## WHAT THE EXERCISE ASKS
Quote word for word the lines below, beginning with the first and ending with the one that has "List each element's". Drop the pictures.

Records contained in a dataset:
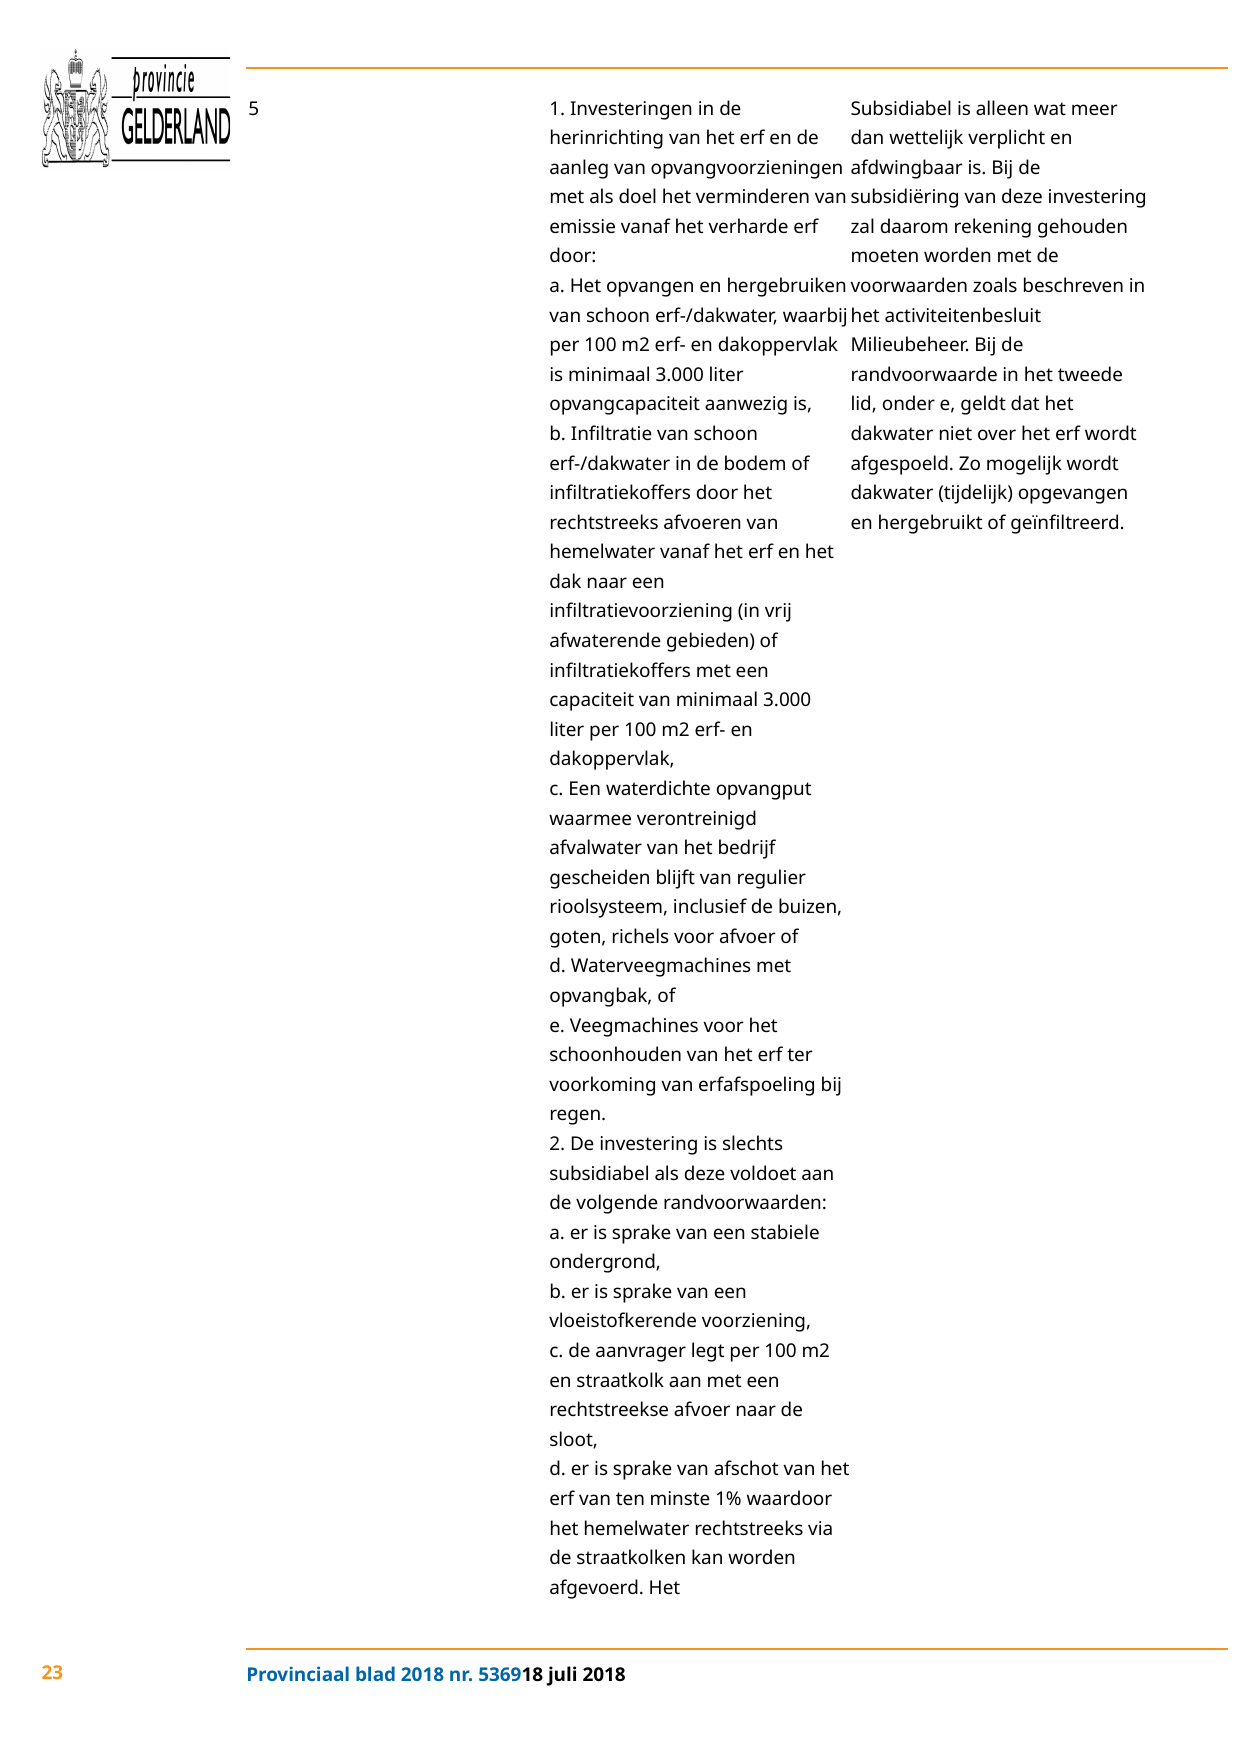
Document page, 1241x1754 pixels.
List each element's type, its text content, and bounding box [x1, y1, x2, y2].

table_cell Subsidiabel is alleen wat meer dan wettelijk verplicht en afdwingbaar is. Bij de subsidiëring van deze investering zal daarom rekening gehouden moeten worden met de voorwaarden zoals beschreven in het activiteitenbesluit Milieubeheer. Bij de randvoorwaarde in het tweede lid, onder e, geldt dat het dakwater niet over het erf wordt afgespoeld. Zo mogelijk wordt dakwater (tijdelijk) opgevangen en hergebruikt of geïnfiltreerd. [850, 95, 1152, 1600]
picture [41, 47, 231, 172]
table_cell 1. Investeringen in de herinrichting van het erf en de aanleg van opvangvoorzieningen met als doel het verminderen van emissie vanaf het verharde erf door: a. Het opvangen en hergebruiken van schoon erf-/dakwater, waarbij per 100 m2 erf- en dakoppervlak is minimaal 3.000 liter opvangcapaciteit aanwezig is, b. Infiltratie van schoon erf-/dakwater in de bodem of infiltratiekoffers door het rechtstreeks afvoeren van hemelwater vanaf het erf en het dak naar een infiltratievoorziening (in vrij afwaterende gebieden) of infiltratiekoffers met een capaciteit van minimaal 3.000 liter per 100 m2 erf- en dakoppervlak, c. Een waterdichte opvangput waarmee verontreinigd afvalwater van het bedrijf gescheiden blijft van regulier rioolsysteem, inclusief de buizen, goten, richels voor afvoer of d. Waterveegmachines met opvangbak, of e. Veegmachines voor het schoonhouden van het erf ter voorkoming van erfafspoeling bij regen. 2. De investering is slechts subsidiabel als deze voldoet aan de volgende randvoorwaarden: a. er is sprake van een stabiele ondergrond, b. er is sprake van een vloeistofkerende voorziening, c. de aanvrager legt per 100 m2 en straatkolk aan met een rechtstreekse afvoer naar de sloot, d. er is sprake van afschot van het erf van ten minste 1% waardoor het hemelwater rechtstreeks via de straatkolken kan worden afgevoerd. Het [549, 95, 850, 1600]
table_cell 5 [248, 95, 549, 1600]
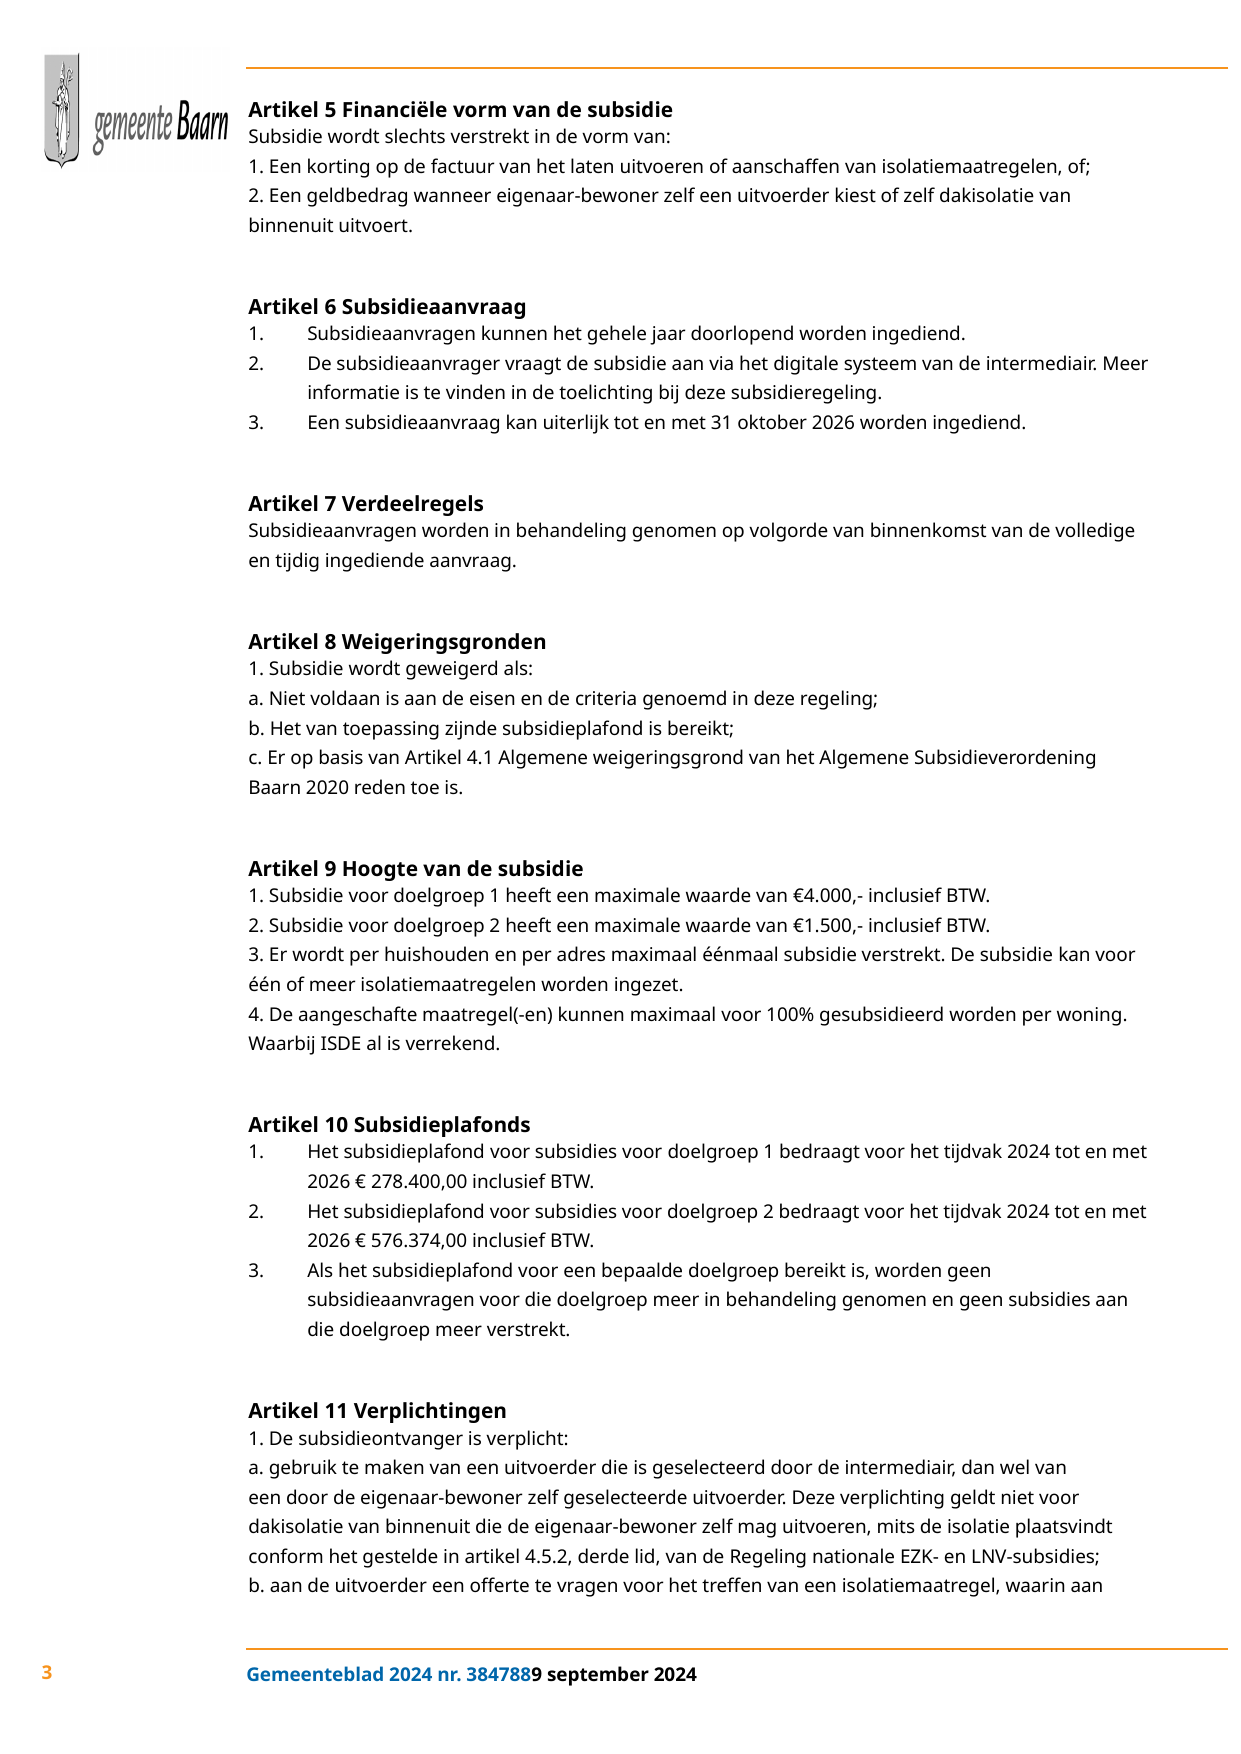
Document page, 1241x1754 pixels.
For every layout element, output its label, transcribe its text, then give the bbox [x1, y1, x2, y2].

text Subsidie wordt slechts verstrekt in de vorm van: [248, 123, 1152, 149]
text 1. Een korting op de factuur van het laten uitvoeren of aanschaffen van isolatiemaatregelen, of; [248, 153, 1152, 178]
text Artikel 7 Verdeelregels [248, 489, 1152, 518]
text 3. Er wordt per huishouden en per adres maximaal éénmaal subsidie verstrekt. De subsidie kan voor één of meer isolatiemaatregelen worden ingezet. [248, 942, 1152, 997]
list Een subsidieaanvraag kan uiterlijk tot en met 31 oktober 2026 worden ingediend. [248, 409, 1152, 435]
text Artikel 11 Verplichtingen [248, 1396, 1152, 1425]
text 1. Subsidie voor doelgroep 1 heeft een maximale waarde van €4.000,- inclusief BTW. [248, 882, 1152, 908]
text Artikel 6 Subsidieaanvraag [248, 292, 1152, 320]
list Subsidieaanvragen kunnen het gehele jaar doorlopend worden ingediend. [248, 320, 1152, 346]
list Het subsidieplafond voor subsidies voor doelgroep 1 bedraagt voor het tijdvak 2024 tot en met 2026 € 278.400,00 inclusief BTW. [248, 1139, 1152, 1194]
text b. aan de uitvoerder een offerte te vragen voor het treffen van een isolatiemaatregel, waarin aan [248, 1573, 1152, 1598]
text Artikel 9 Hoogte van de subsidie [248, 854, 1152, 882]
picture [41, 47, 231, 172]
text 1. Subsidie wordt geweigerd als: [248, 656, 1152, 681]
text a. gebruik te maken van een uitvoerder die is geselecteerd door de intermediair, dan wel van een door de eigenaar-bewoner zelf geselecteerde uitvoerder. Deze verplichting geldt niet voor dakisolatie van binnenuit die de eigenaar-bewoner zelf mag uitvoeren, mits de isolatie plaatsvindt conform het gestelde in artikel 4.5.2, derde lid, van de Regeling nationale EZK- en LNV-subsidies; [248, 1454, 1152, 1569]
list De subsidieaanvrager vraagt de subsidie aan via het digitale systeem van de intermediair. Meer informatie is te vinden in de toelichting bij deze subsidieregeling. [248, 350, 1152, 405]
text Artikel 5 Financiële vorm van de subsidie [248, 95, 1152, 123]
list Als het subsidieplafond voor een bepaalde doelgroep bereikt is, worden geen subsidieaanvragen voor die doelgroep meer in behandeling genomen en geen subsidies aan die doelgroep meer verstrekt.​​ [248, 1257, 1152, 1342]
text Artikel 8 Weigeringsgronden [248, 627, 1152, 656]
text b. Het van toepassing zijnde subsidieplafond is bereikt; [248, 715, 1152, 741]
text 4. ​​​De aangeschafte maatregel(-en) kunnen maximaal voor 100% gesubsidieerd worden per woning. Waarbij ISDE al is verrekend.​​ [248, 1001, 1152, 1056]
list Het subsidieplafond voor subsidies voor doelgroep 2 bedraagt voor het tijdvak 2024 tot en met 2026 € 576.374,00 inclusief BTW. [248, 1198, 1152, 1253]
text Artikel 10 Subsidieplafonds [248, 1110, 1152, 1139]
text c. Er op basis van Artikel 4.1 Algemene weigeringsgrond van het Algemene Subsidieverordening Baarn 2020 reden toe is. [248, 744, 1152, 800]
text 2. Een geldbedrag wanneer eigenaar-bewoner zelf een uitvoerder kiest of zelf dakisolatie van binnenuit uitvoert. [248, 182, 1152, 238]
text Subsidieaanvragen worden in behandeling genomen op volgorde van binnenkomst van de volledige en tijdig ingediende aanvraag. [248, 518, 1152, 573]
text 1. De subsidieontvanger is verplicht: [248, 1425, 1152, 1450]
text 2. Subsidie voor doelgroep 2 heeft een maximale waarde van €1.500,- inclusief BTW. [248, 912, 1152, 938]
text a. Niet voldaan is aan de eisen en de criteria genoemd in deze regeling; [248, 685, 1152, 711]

## EXERCISE RESULT
Document page, 1241x1754 pixels.
List each element's type, its text content, and bounding box [x1, y1, x2, y2].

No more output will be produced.